SUPPLIED ENTRIES:
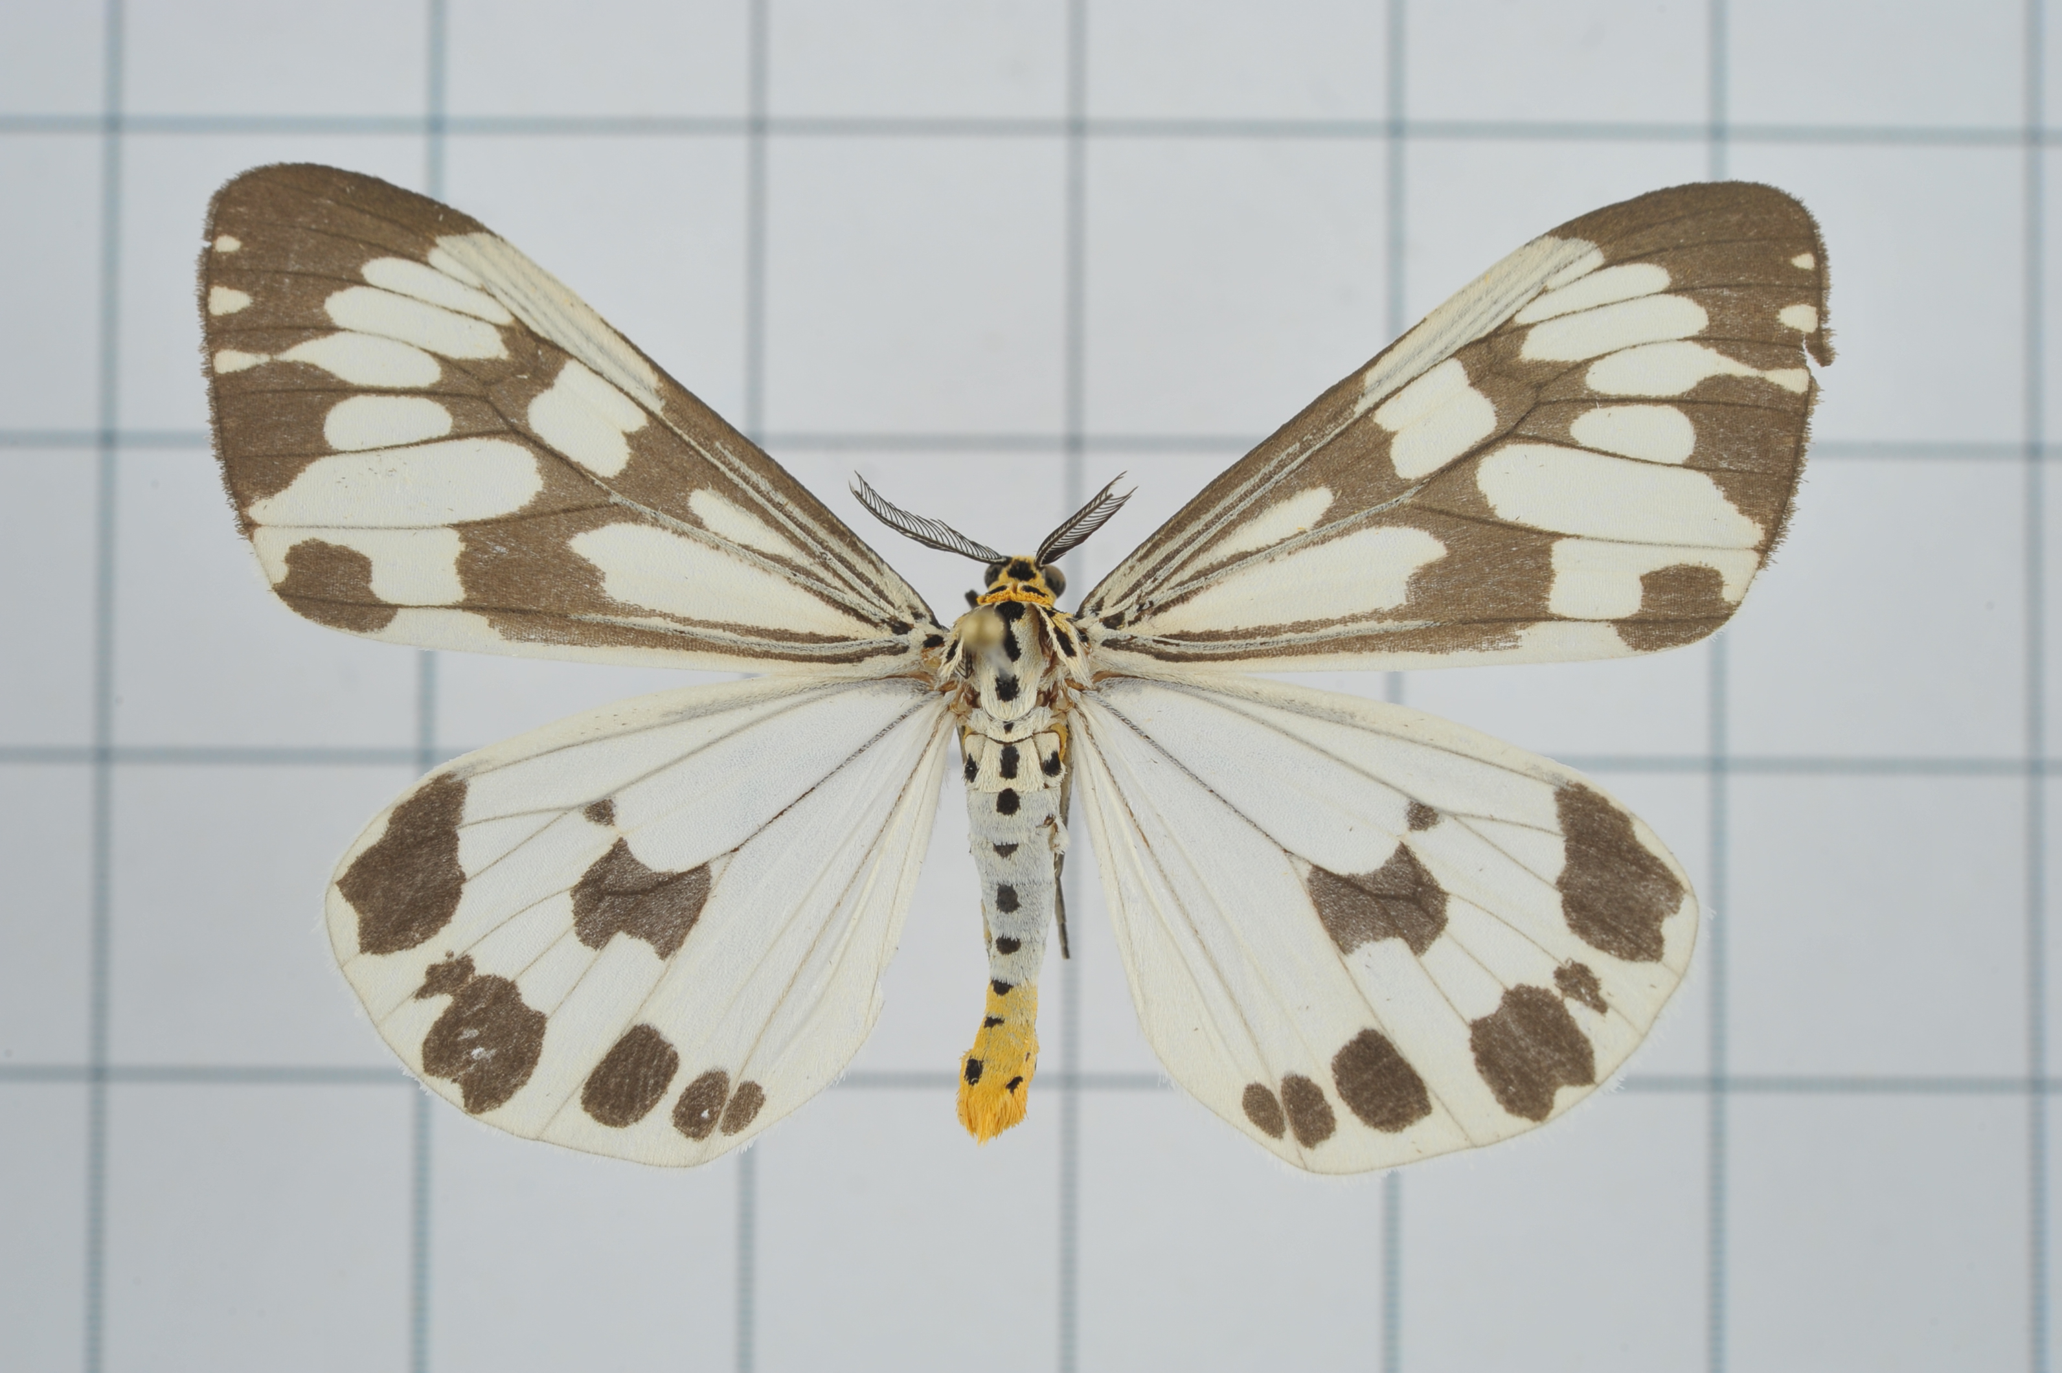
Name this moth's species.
Nyctemera adversata
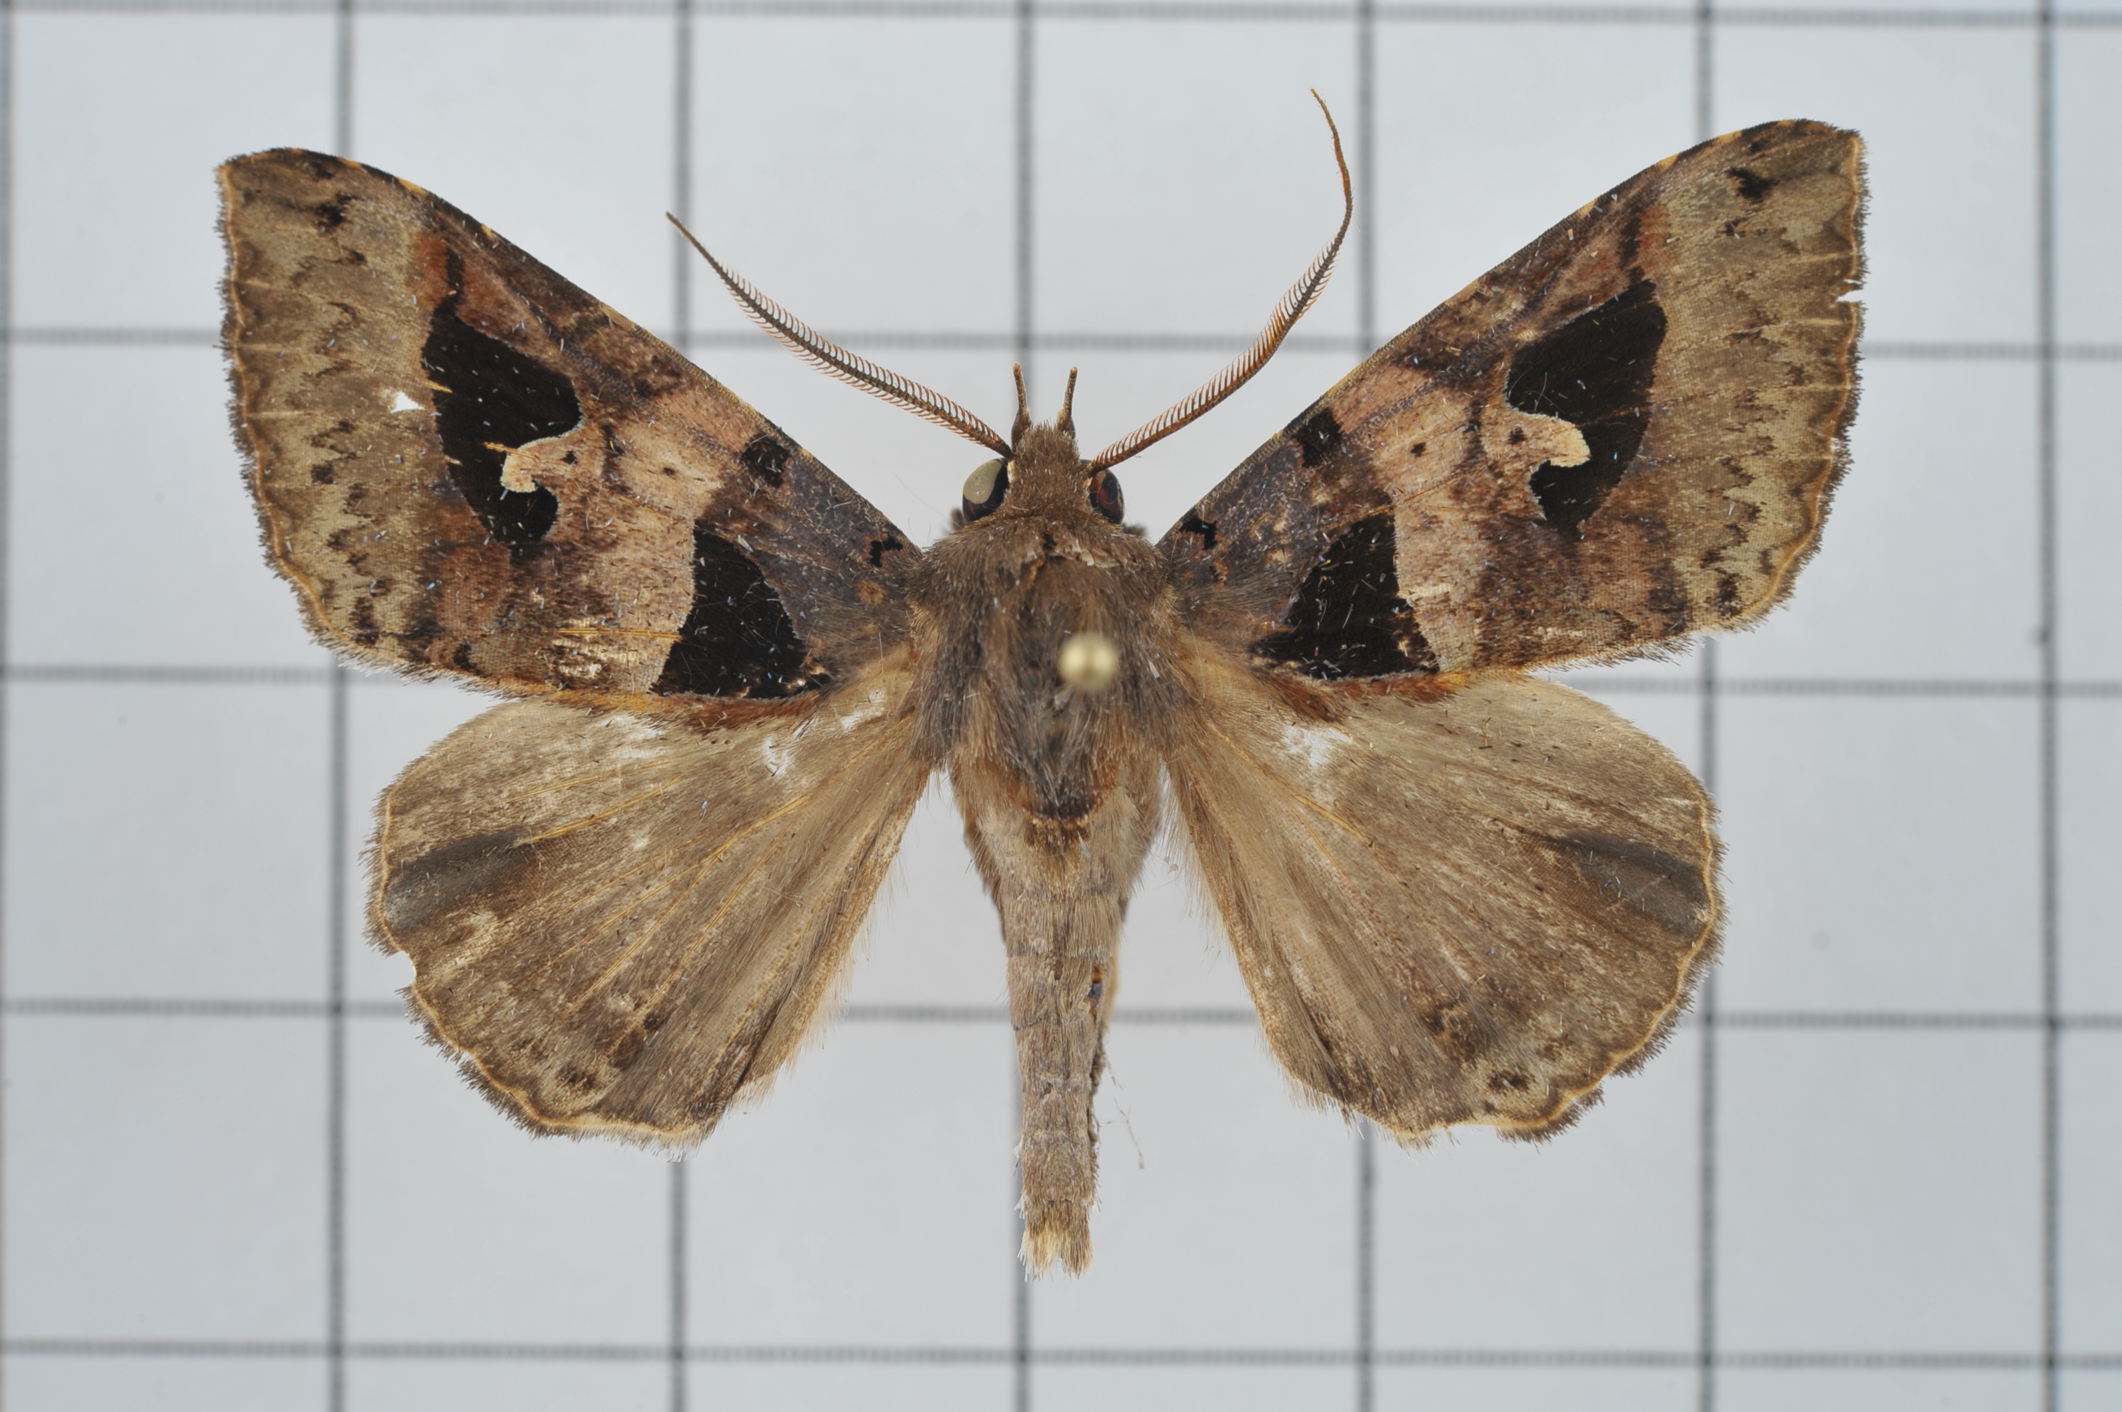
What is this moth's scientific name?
Avatha chinensis
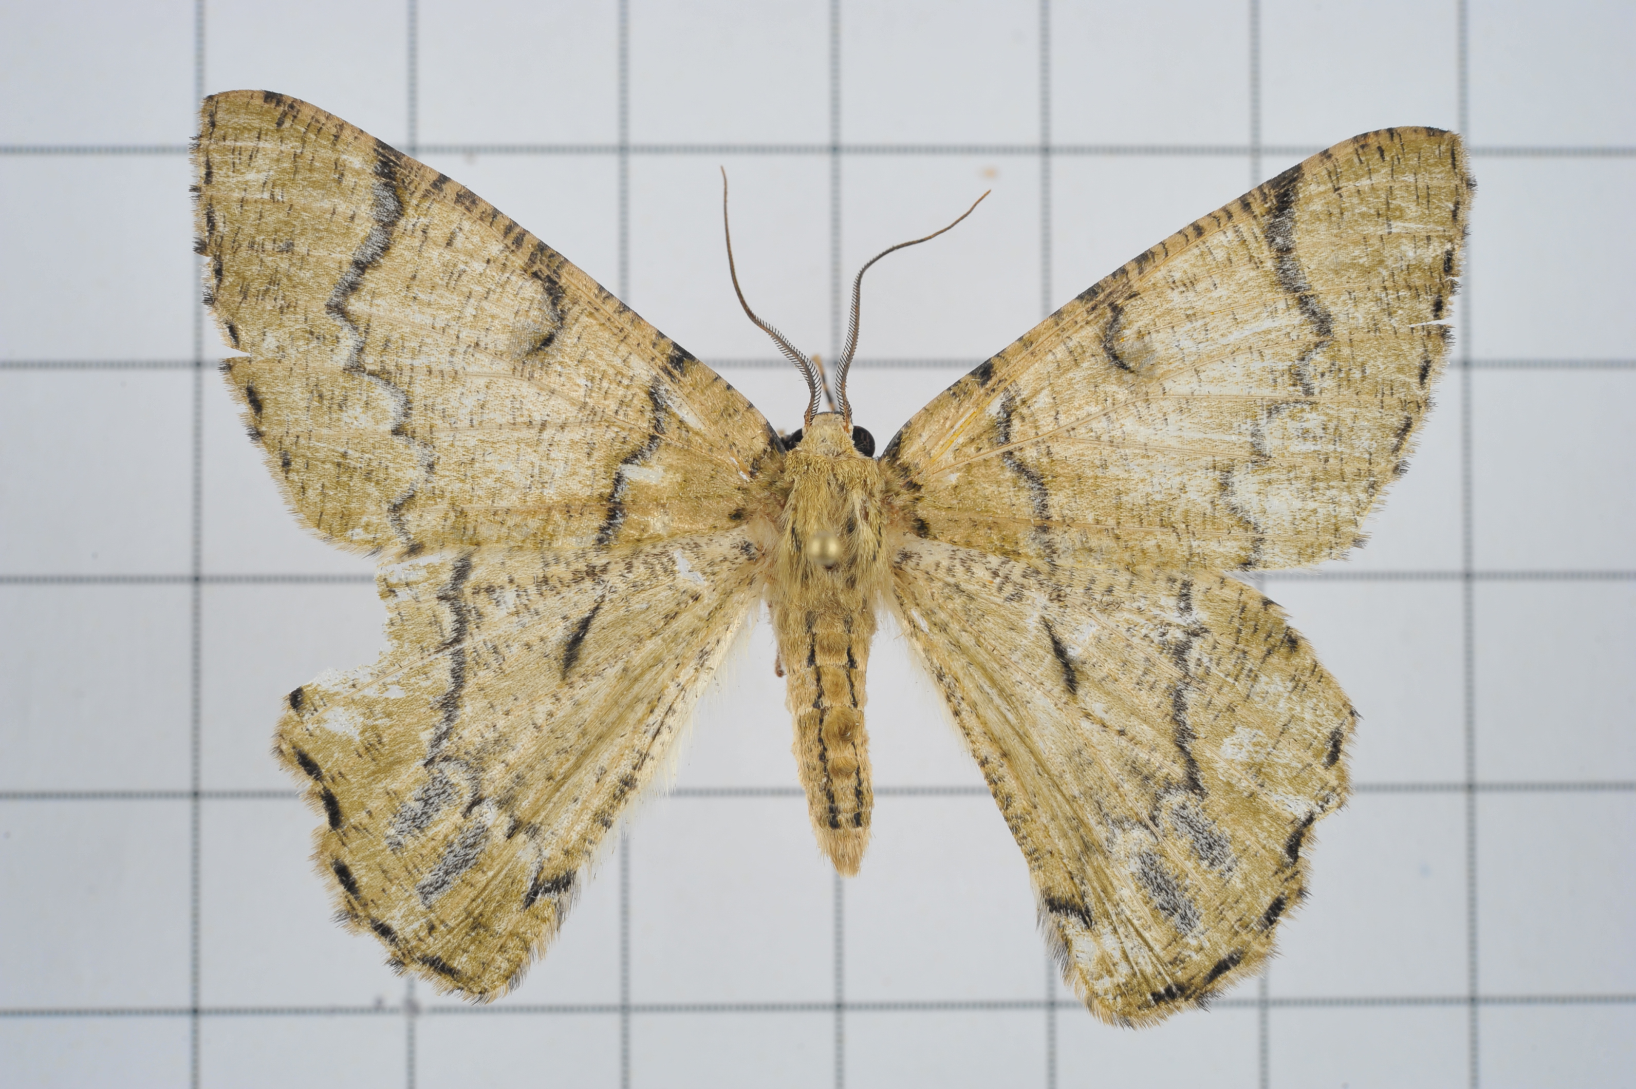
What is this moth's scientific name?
Lophophelma iterans onerosus

REQUIRED WORK: Give the data again exactly as written, with no pictures included.

RESULT OF THIS EXERCISE:
Name this moth's species.
Nyctemera adversata
What is this moth's scientific name?
Avatha chinensis
What is this moth's scientific name?
Lophophelma iterans onerosus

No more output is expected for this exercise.